Las orgías que de tarde en tarde agotan la energía de la población marginal son tan estériles como aquellas a que se entregan los niños terribles de la burguesía sólo un poco de vidrios rotos, de edificaciones sucias y semidestruidas, que abren transitoriamente un frente de trabajo a aseadores, barrenderos, y a algunos artesanos calificados. El estado, con sus escasos recursos presupuestases, poco puede hacer para mejorar la suerte de estas gentes y por darles la sensación de pertenecer a un conglomerado humano que vela por cada uno de sus miembros. Y esto no sólo es así en los países subdesarrollados, por más que aquí la impotencia estatal sea mucho mayor. Solucionar por medio de inversiones sociales el problema de vivienda, de higiene, de servicios, de educación, de una vasta población suburbana que carece de empleo estable, es una empresa que desafía hasta el poderío económico de las más grandes potencias capitalistas.

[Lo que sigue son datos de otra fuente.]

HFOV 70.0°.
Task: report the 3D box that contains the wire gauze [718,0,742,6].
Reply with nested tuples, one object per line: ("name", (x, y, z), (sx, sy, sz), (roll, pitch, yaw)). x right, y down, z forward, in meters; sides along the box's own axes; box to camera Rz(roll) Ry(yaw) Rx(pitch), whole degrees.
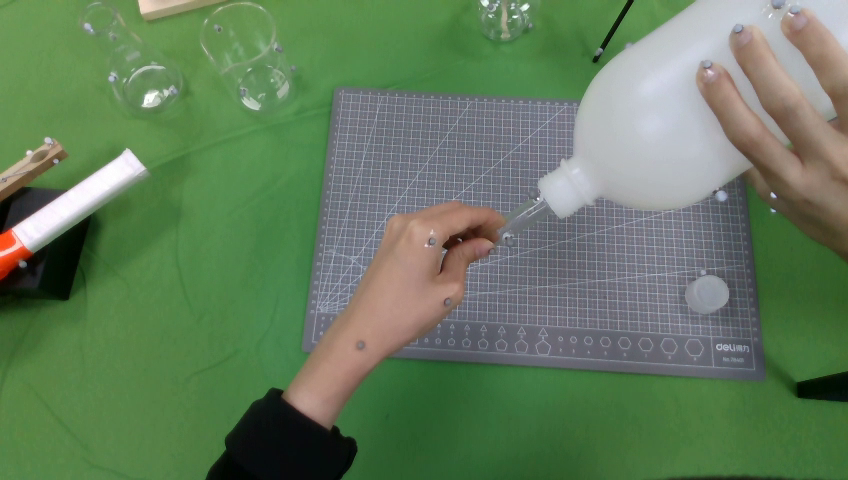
("wire gauze", (0.265, -0.289, 0.585), (0.121, 0.011, 0.124), (24, 74, 6))

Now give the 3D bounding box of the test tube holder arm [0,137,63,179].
("test tube holder arm", (-0.427, -0.040, 0.580), (0.178, 0.015, 0.013), (-40, 76, -13))

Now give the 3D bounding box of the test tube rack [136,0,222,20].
("test tube rack", (-0.225, -0.336, 0.695), (0.242, 0.085, 0.066), (-17, 72, -6))

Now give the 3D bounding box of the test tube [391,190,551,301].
("test tube", (0.030, 0.008, 0.432), (0.150, 0.017, 0.017), (-34, 69, 32))

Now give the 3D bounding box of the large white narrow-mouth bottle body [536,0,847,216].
("large white narrow-mouth bottle body", (0.154, -0.077, 0.353), (0.194, 0.102, 0.101), (-34, 72, 17))

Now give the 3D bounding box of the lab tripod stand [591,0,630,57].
("lab tripod stand", (0.257, -0.266, 0.649), (0.148, 0.132, 0.147), (1, 70, -1))

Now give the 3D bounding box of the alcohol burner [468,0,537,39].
("alcohol burner", (0.088, -0.278, 0.663), (0.078, 0.120, 0.077), (1, 70, -1))

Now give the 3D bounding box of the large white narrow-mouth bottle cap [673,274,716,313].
("large white narrow-mouth bottle cap", (0.269, 0.053, 0.600), (0.038, 0.024, 0.037), (0, 73, 0))

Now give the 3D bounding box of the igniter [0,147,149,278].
("igniter", (-0.385, 0.005, 0.562), (0.276, 0.025, 0.057), (-40, 78, -16))

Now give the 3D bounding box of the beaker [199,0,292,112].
("beaker", (-0.184, -0.186, 0.638), (0.074, 0.101, 0.083), (18, 73, 7))

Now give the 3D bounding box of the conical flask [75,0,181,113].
("conical flask", (-0.310, -0.193, 0.627), (0.075, 0.122, 0.075), (0, 71, 0))

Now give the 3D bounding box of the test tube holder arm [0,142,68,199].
("test tube holder arm", (-0.390, -0.064, 0.589), (0.088, 0.015, 0.010), (-39, 76, -13))
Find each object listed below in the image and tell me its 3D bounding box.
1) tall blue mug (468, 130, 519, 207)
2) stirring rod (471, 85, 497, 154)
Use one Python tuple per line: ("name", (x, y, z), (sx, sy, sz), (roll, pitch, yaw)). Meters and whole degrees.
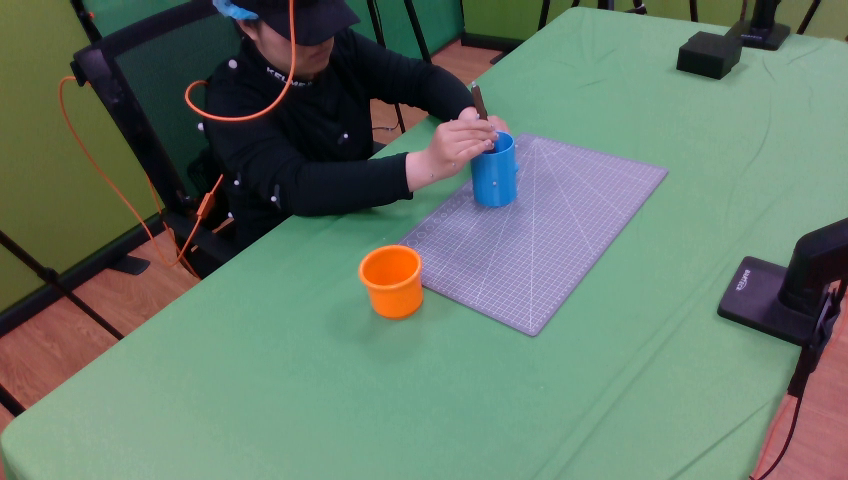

En pocas palabras, en este campo la inversión social hecha por el estado no puede ser, en el mejor de los casos, más que un tibio correctivo, y la solución sólo podría ser hallada a través de modificaciones del orden social económico que permitan ocupar de manera productiva a la población marginal. Abandonadas, hasta donde ello es inevitable, por el estado, estas gentes carecen también del concepto de patria y de nación. Ningún valor positivo de orden comunitario hace más humana su existencia.